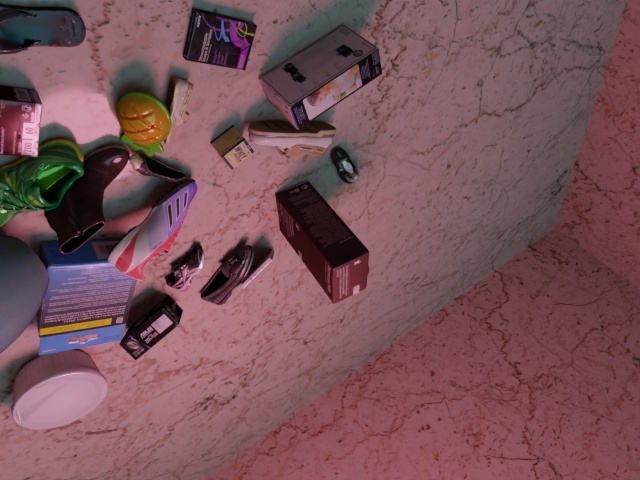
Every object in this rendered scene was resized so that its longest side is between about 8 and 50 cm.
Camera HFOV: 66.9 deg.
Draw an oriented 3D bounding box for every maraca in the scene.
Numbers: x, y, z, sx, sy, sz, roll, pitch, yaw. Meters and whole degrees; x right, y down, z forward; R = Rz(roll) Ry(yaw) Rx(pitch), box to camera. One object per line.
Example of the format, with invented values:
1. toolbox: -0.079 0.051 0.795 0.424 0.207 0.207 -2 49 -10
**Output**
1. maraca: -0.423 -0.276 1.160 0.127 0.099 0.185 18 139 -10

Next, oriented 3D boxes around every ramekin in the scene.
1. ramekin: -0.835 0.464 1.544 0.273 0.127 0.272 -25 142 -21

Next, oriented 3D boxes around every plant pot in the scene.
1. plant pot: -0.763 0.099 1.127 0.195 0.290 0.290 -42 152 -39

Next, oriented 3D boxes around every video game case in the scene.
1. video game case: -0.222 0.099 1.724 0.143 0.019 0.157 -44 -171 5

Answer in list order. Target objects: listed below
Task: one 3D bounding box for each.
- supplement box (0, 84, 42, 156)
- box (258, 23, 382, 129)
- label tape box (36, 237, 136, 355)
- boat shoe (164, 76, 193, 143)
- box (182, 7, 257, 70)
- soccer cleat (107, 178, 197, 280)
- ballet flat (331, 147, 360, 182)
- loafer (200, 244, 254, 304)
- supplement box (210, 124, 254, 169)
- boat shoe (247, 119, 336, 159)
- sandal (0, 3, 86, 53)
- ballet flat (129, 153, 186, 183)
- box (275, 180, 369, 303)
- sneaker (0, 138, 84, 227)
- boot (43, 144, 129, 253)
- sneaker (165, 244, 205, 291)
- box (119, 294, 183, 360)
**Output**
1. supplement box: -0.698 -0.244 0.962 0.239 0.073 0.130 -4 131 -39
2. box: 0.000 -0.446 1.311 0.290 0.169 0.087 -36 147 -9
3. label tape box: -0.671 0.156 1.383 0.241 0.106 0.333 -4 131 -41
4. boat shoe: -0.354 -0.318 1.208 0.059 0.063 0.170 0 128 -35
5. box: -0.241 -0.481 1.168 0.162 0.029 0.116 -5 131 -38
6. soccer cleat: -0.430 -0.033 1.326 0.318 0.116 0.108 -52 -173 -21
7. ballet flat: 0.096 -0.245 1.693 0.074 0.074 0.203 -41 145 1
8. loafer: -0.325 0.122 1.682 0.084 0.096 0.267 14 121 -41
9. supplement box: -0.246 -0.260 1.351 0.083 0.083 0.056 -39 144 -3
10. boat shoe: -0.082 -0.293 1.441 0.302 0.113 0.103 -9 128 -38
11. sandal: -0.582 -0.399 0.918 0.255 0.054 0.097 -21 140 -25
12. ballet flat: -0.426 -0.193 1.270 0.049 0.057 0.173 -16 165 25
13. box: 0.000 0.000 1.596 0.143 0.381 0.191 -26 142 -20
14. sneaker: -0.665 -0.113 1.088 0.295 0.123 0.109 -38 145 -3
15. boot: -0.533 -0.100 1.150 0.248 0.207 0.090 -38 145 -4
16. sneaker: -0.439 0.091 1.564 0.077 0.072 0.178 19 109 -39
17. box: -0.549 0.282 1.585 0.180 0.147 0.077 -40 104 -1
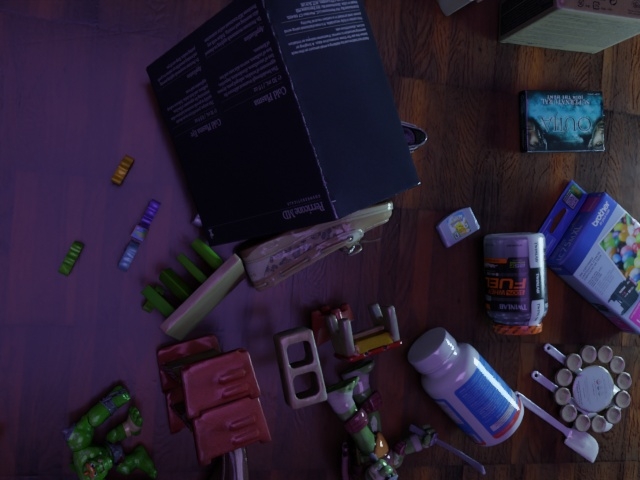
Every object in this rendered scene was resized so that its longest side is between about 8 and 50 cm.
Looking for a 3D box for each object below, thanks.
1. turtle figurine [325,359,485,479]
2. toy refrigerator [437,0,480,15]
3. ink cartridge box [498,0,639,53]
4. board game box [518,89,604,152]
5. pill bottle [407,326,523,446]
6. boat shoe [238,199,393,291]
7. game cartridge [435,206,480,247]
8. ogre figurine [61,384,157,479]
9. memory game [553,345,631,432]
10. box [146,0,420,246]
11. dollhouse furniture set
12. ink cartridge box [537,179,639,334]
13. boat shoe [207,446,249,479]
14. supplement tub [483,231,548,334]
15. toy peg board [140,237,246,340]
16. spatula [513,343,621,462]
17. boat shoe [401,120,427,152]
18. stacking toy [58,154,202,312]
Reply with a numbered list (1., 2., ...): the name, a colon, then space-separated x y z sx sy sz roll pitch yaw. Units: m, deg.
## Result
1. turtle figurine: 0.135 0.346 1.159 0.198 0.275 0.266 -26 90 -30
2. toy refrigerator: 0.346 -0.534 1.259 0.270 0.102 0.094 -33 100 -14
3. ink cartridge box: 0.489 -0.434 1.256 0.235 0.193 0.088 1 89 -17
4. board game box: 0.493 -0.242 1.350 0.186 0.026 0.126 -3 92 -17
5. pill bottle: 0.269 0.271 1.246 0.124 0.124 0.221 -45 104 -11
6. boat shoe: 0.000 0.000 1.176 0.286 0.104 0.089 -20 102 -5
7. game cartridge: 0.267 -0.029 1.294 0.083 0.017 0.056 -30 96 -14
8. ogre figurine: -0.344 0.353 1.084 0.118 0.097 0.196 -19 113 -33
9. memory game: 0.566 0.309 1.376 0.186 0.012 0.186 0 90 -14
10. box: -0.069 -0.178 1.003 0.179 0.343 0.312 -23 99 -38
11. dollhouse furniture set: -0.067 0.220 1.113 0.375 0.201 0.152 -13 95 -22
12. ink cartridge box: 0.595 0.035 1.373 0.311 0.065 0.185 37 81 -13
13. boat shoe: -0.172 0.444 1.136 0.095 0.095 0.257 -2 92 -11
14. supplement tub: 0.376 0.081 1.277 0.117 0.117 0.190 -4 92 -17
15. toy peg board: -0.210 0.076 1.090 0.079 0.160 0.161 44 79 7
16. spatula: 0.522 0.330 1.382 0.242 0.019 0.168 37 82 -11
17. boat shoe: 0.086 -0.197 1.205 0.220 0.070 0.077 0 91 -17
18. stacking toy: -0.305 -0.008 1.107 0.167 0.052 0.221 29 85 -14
==
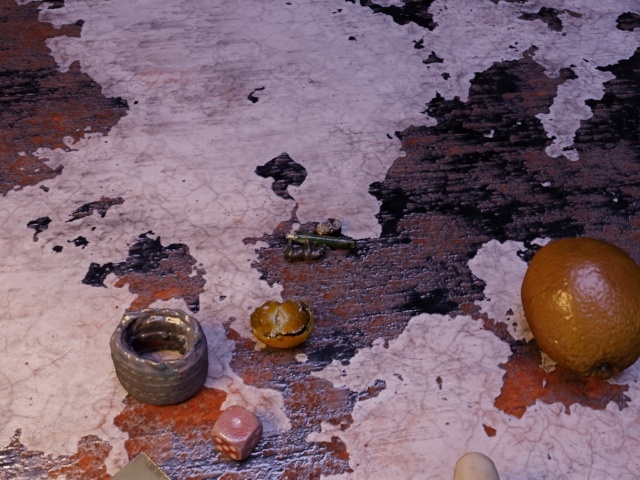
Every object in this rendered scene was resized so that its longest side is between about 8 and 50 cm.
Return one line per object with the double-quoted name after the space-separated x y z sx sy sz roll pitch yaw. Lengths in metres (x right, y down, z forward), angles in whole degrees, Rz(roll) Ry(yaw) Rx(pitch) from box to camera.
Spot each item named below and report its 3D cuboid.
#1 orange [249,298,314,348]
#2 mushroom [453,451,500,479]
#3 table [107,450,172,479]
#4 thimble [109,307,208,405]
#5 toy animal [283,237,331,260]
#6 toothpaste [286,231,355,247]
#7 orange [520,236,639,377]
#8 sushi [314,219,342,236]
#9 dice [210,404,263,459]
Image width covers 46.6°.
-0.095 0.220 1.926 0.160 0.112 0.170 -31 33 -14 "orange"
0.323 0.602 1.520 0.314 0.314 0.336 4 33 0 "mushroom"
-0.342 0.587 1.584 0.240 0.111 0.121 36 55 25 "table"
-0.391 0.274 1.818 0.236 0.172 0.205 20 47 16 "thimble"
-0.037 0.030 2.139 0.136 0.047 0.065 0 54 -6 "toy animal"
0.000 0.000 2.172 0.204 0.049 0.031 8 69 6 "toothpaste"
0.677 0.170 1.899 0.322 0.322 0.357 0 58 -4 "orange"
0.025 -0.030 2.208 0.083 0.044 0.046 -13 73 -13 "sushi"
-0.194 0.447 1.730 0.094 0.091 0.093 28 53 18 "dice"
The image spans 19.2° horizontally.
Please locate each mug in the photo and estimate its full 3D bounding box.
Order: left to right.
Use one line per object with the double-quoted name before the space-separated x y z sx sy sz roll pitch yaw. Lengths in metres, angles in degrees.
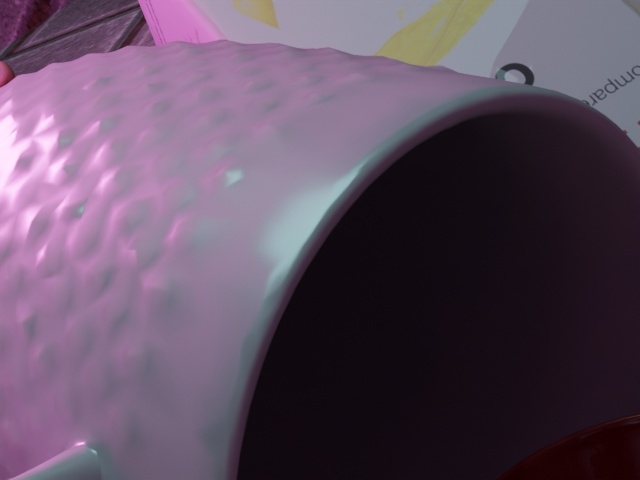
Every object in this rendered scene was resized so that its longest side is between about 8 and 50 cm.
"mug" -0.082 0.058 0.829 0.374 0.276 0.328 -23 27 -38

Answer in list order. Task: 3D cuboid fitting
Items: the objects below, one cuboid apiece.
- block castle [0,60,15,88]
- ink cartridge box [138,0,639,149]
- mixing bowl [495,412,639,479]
---
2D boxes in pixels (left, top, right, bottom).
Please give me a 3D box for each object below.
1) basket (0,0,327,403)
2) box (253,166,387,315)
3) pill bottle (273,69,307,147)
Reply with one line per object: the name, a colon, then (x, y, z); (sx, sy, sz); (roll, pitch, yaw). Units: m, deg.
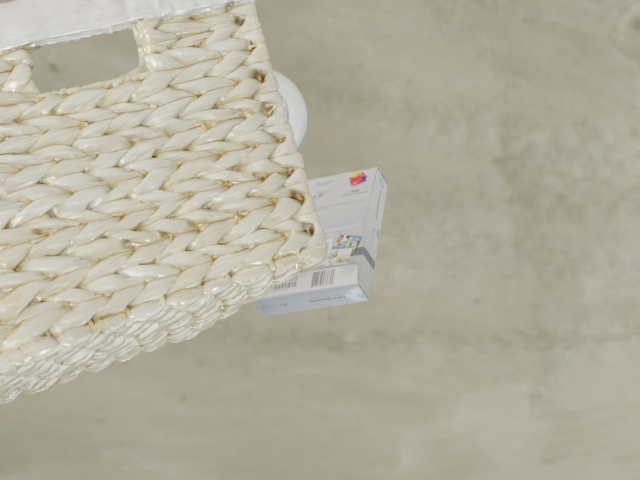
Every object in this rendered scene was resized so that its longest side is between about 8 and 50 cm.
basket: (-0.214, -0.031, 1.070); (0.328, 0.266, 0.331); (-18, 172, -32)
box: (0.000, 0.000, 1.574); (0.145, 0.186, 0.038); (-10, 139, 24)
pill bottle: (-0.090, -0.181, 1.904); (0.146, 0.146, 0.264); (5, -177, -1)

Directions — Your answer should consist of copies of the lines above that include the string "down".

Result —
Numbers: x, y, z, sx, sy, sz, roll, pitch, yaw. Meters and whole degrees; x right, y down, z forward; R = Rz(roll) Ry(yaw) Rx(pitch), box to camera. One object per line.
Return one line per object with the double-quoted name after the space-separated x y z sx sy sz roll pitch yaw. Lengths in metres (x right, y down, z forward), angles in whole degrees, Rz(roll) Ry(yaw) Rx(pitch) from box to camera.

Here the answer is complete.